# Requirement:
The lines below, from the one containing "How do I perform: Click where" through the one containing "953x1232 pixels. How", should be set down exactly, with no pictures and nothing else.

# Supplied records:
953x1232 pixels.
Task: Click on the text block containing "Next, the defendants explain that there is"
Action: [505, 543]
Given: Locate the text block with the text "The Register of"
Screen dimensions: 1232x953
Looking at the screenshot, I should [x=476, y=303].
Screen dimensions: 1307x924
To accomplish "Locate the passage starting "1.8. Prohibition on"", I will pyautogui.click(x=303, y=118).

* * *

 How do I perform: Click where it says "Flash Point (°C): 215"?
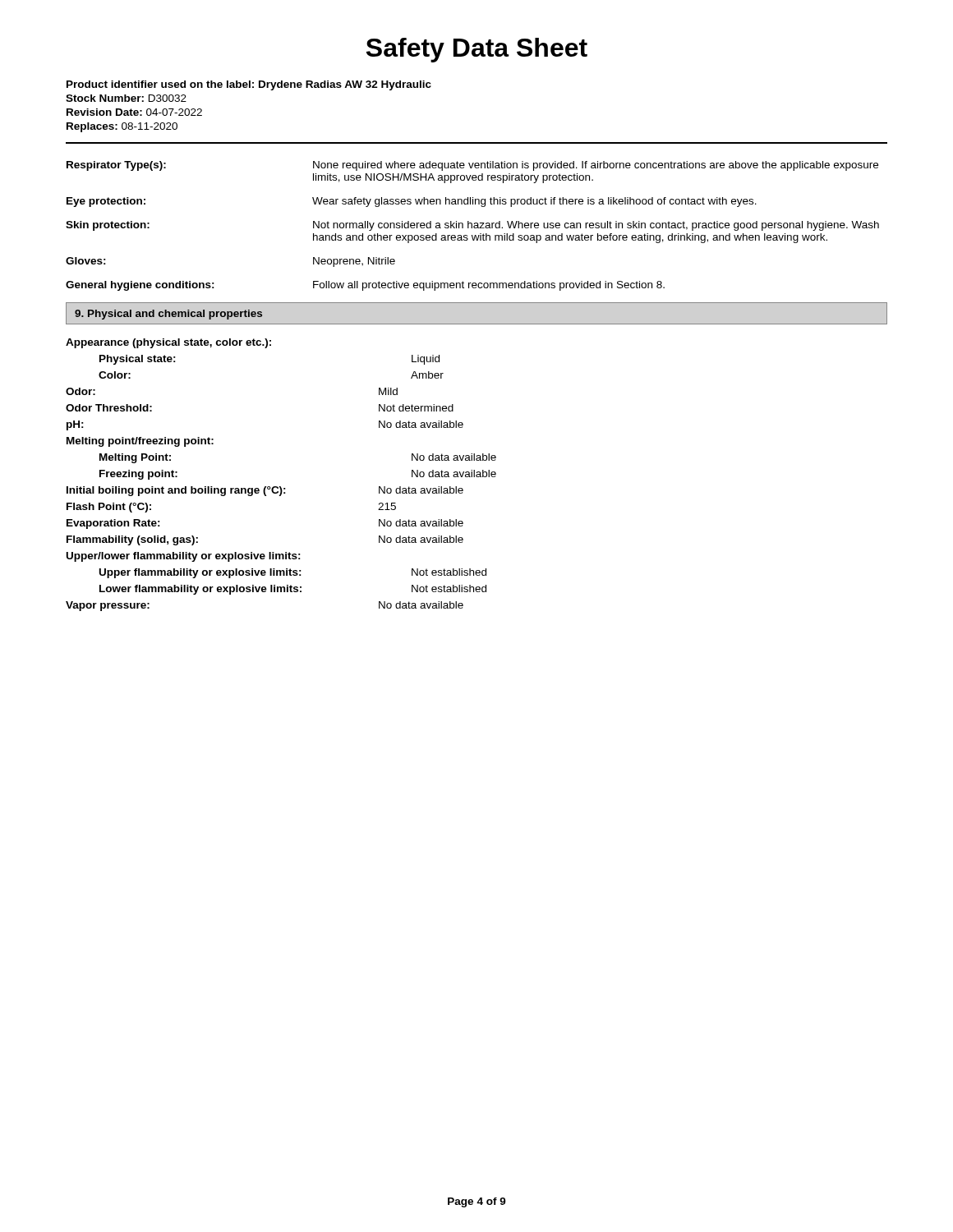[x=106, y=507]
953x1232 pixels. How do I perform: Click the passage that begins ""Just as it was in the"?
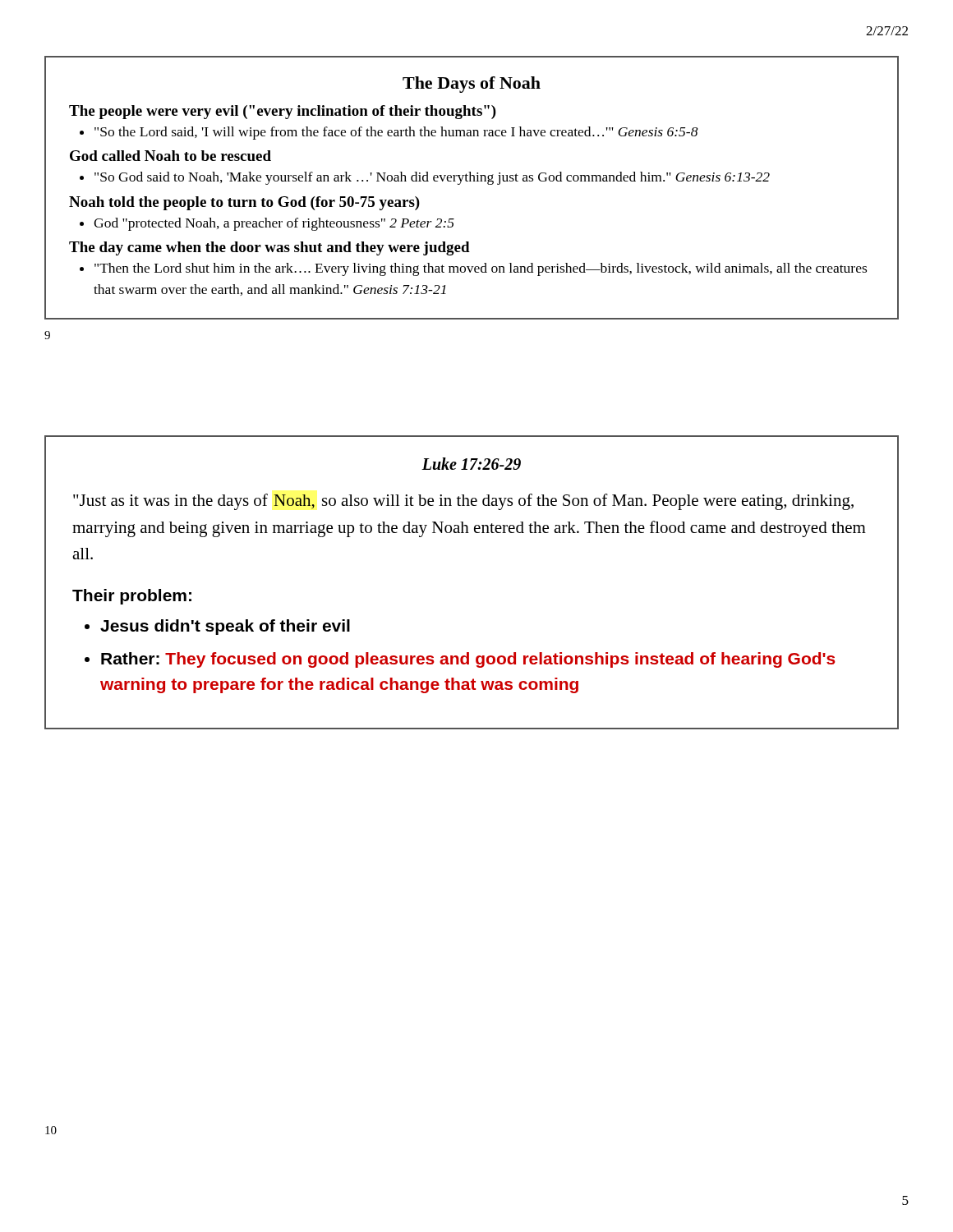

# Answer:
 How do I perform: Click where it says "Flash Point (°C): 215"?
[x=106, y=507]
953x1232 pixels. How do I perform: Click the passage that begins ""Just as it was in the"?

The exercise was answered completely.